2 . The method of claim 1 wherein the first and second frits substantially maintain their respective chemical identities when the mold is heated.
3 . The method of claim 1 wherein the first frit is powdered window glass.
4 . The method of claim 1 wherein the foaming agent is limestone.
5 . The method of claim 1 wherein the foaming agent is a mixture of limestone and magnesite.
6 . The method of claim 1 wherein the handle is connected to a vibratory source.
7 . The method of claim 1 wherein the handle further comprises an ultrasonic acoustic source.
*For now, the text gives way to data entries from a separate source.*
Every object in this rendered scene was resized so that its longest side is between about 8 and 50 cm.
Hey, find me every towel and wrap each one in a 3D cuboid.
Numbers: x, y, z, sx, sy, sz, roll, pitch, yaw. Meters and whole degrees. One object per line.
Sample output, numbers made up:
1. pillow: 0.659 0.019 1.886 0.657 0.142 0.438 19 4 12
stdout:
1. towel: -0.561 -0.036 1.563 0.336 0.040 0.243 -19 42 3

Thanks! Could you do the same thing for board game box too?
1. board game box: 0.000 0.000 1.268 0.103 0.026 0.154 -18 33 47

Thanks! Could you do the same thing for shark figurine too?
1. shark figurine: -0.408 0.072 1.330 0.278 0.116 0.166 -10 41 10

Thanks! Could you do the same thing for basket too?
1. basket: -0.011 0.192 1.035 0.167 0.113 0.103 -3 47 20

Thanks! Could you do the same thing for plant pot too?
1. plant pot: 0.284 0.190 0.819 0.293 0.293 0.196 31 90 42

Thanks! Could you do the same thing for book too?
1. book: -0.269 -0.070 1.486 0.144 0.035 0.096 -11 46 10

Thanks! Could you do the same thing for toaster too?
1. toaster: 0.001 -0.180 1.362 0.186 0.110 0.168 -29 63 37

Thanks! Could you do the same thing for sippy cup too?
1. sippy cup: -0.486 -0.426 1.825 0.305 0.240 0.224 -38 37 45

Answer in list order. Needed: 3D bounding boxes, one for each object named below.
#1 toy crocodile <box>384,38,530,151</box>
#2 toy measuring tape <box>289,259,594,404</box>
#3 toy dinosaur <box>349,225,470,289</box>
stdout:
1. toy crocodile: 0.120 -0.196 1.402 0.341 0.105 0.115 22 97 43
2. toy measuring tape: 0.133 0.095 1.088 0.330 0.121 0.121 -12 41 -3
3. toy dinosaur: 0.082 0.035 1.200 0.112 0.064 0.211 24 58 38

8 . A method of producing a toughened foamed glass body, comprising:
a) combining a first predetermined amount of powdered window glass cullet with a second predetermined amount of powdered toughening glass cullet to define a batch; b) adding a third predetermined amount of foaming agent to the batch; c) mixing the batch; d) apportioning the batch; e) softening the glass; f) releasing gas from the foaming agent to foam the softened glass; g) cooling the foamed glass body; wherein the window glass cullet is characterized by a higher coefficient of thermal expansion than the toughening glass cullet.
9 . The method of claim 8 wherein the glass is softened and gas is released from the foaming agent as a result of firing the batch.
10 . The method of claim 8 wherein the window glass and the toughening glass do not substantially chemically interact.
11 . The method of claim 9 wherein the foaming agent is selected from the following compositions: CaCO 3 , MgCO 3 and SrCO 3 .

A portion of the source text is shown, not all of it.